Выбрать главу

«Но все-таки, я ведь чувствую себя в большой степени виновником их… проступка».

«Ты ни при чем, друг Владимир, тебя судить не будут, но вон, видишь, идет Соня. Она хохочет, негодное существо, что-то рассказывает Эльжбете. Не похоже, чтобы она очень боялась суда, поэтому успокойся».

Всю жизнь, милые друзья, жил во мне синдром гостиницы. Так я называл чувства, всегда охватывавшие меня, когда я входил в номер гостиницы и закрывал за собой дверь. Гостиница — это другой город, другая страна. Гостиница — это скачок из привычных будней в новый мир. Новые люди, новые знакомства, новая кровать и новая еда. Нелепое детское возбуждение, детское предвкушение каких-то необычайных событий. Во второй половине жизни разум подсказывал мне, что ждать уже давно нечего, что ничего необычайного случиться со мной не может, но все равно стоянка в незнакомом порту оказывалась сильнее унылого здравого смысла.

Теперь, милые мои друзья, я прошу вас сделать усилие, огромное усилие, и представить себе, что должен испытывать человек, больной старик, вырвавшийся из богадельни прямо в рай. Прошу прощения за богадельню, я назвал так наш дом ради красного словца. За рай я прощения не прошу. Это и был рай, так во всяком случае мне тогда казалось. Столетний живчик, семидесятилетняя девочка с гладкой и упругой кожей, какаято… приветливость, что ли, разлитая вокруг, даже травяной газон казался каким-то особым, дружелюбным, молодым, красивым, зовущим к себе. То есть, другими словами, я должен был испытывать свой гостиничный синдром в сотой степени. Я должен был дрожать от возбуждения и нетерпения. Я должен был прыгать как козленок. Сразу на четыре ножки.

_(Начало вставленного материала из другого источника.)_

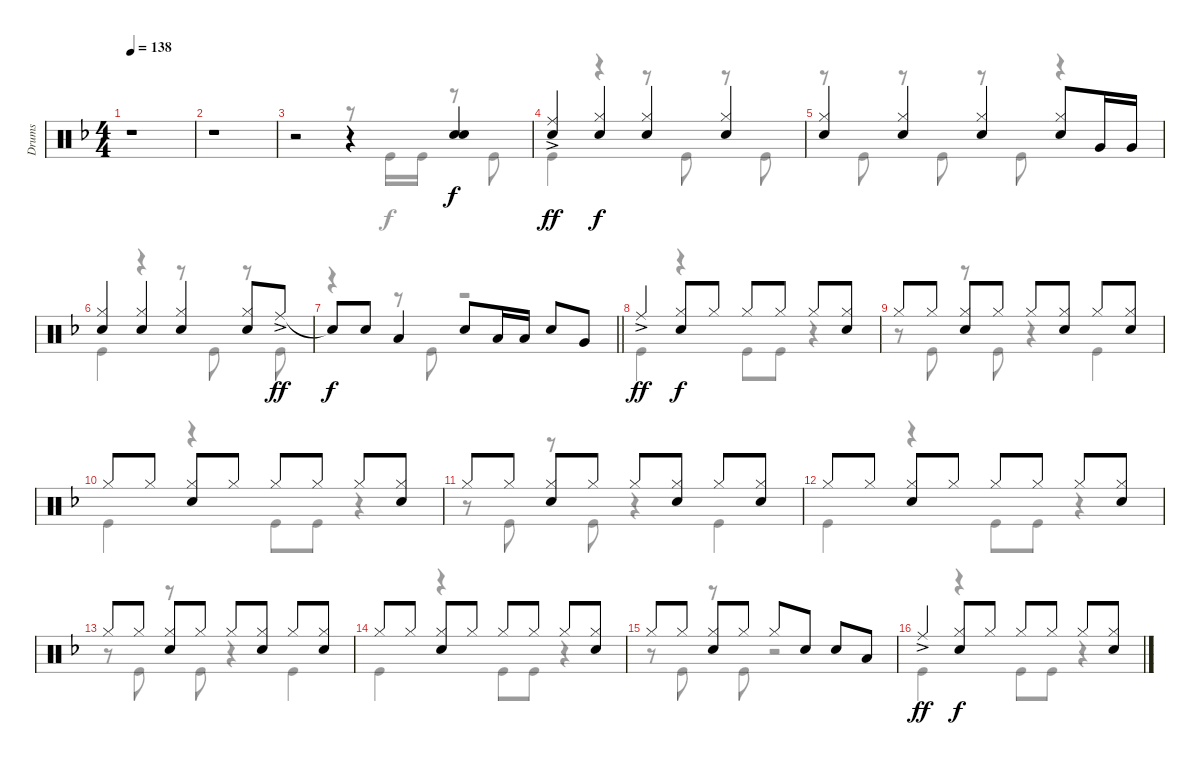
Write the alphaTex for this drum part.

\track ("Drums" "Drums") {instrument percussion}
\staff {score}
\articulation defaults
\voice
\ts (4 4)
\tempo 138
\clef neutral
\ks f
r.1{dy ff} |
r.1 |
r.2 r.4 ("Snare (hit) 2" "Snare (hit) 2").4{dy f} |
("Ride (middle)"{ac} "Snare (hit) 2").4{dy ff} ("Hi-Hat (closed)" "Snare (hit) 2").4{dy f} ("Hi-Hat (closed)" "Snare (hit) 2").4 ("Hi-Hat (closed)" "Snare (hit) 2").4 |
("Hi-Hat (closed)" "Snare (hit) 2").4 ("Hi-Hat (closed)" "Snare (hit) 2").4 ("Hi-Hat (closed)" "Snare (hit) 2").4 ("Hi-Hat (closed)" "Snare (hit) 2").8 "Very Low Tom (hit)".16 "Very Low Tom (hit)".16 |
("Hi-Hat (closed)" "Snare (hit) 2").4 ("Hi-Hat (closed)" "Snare (hit) 2").4 ("Hi-Hat (closed)" "Snare (hit) 2").4 ("Hi-Hat (closed)" "Snare (hit) 2").8 "Ride (middle)"{ac}.8{dy ff} |
\barLineRight lightlight "Snare (hit)"{t}.8{dy f} "Snare (hit) 2".8 "Low Tom (hit)".4 "Snare (hit) 2".8 "Low Tom (hit)".16 "Low Tom (hit)".16 "Snare (hit) 2".8 "Very Low Tom (hit)".8
|
"Ride (middle)"{ac}.4{dy ff} ("Hi-Hat (closed)" "Snare (hit) 2").8{dy f} "Hi-Hat (closed)".8 "Hi-Hat (closed)".8 "Hi-Hat (closed)".8 "Hi-Hat (closed)".8 ("Hi-Hat (closed)" "Snare (hit) 2").8 |
"Hi-Hat (closed)".8 "Hi-Hat (closed)".8 ("Hi-Hat (closed)" "Snare (hit) 2").8 "Hi-Hat (closed)".8 "Hi-Hat (closed)".8 ("Hi-Hat (closed)" "Snare (hit) 2").8 "Hi-Hat (closed)".8 ("Hi-Hat (closed)" "Snare (hit) 2").8 |
"Hi-Hat (closed)".8 "Hi-Hat (closed)".8 ("Hi-Hat (closed)" "Snare (hit) 2").8 "Hi-Hat (closed)".8 "Hi-Hat (closed)".8 "Hi-Hat (closed)".8 "Hi-Hat (closed)".8 ("Hi-Hat (closed)" "Snare (hit) 2").8 |
"Hi-Hat (closed)".8 "Hi-Hat (closed)".8 ("Hi-Hat (closed)" "Snare (hit) 2").8 "Hi-Hat (closed)".8 "Hi-Hat (closed)".8 ("Hi-Hat (closed)" "Snare (hit) 2").8 "Hi-Hat (closed)".8 ("Hi-Hat (closed)" "Snare (hit) 2").8 |
"Hi-Hat (closed)".8 "Hi-Hat (closed)".8 ("Hi-Hat (closed)" "Snare (hit) 2").8 "Hi-Hat (closed)".8 "Hi-Hat (closed)".8 "Hi-Hat (closed)".8 "Hi-Hat (closed)".8 ("Hi-Hat (closed)" "Snare (hit) 2").8 |
"Hi-Hat (closed)".8 "Hi-Hat (closed)".8 ("Hi-Hat (closed)" "Snare (hit) 2").8 "Hi-Hat (closed)".8 "Hi-Hat (closed)".8 ("Hi-Hat (closed)" "Snare (hit) 2").8 "Hi-Hat (closed)".8 ("Hi-Hat (closed)" "Snare (hit) 2").8 |
"Hi-Hat (closed)".8 "Hi-Hat (closed)".8 ("Hi-Hat (closed)" "Snare (hit) 2").8 "Hi-Hat (closed)".8 "Hi-Hat (closed)".8 "Hi-Hat (closed)".8 "Hi-Hat (closed)".8 ("Hi-Hat (closed)" "Snare (hit) 2").8 |
"Hi-Hat (closed)".8 "Hi-Hat (closed)".8 ("Hi-Hat (closed)" "Snare (hit) 2").8 "Hi-Hat (closed)".8 "Hi-Hat (closed)".8 "Snare (hit) 2".8 "Snare (hit) 2".8 "Low Tom (hit)".8 |
"Ride (middle)"{ac}.4{dy ff} ("Hi-Hat (closed)" "Snare (hit) 2").8{dy f} "Hi-Hat (closed)".8 "Hi-Hat (closed)".8 "Hi-Hat (closed)".8 "Hi-Hat (closed)".8 ("Hi-Hat (closed)" "Snare (hit) 2").8
\voice
\clef neutral
\ottava regular
\simile none
\ks f
r.1{dy f} |
r.1 |
r.2 r.8 "Kick (hit)".16 "Kick (hit)".16 r.8 "Kick (hit)".8 |
"Kick (hit)".4 r.4 r.8 "Kick (hit)".8 r.8 "Kick (hit)".8 |
r.8 "Kick (hit)".8 r.8 "Kick (hit)".8 r.8 "Kick (hit)".8 r.4 |
"Kick (hit)".4 r.4 r.8 "Kick (hit)".8 r.8 "Kick (hit)".8 |
\barLineRight lightlight
r.4 r.8 "Kick (hit)".8 r.2 |
"Kick (hit)".4 r.4 "Kick (hit)".8 "Kick (hit)".8 r.4 |
r.8 "Kick (hit)".8 r.8 "Kick (hit)".8 r.4 "Kick (hit)".4 |
"Kick (hit)".4 r.4 "Kick (hit)".8 "Kick (hit)".8 r.4 |
r.8 "Kick (hit)".8 r.8 "Kick (hit)".8 r.4 "Kick (hit)".4 |
"Kick (hit)".4 r.4 "Kick (hit)".8 "Kick (hit)".8 r.4 |
r.8 "Kick (hit)".8 r.8 "Kick (hit)".8 r.4 "Kick (hit)".4 |
"Kick (hit)".4 r.4 "Kick (hit)".8 "Kick (hit)".8 r.4 |
r.8 "Kick (hit)".8 r.8 "Kick (hit)".8 r.2 |
"Kick (hit)".4 r.4 "Kick (hit)".8 "Kick (hit)".8 r.4

Но наш разум, наше сердце непредсказуемы. Мне было грустно. Мне было неловко. Не могу сказать, что я очень совестливый человек, скорее наоборот. Но я думал в те минуты о вас и чувствовал себя… предателем и дезертиром.

— Абер дас ист ничево, — сказал со вздохом Константин Михайлович.

— Ничево, ничево, — улыбнулся Ефим Львович гордо и смущенно одновременно.

— Во-ло-день-ка, — с недоверчивым восторгом пропела тихонько Анечка, — какой вы…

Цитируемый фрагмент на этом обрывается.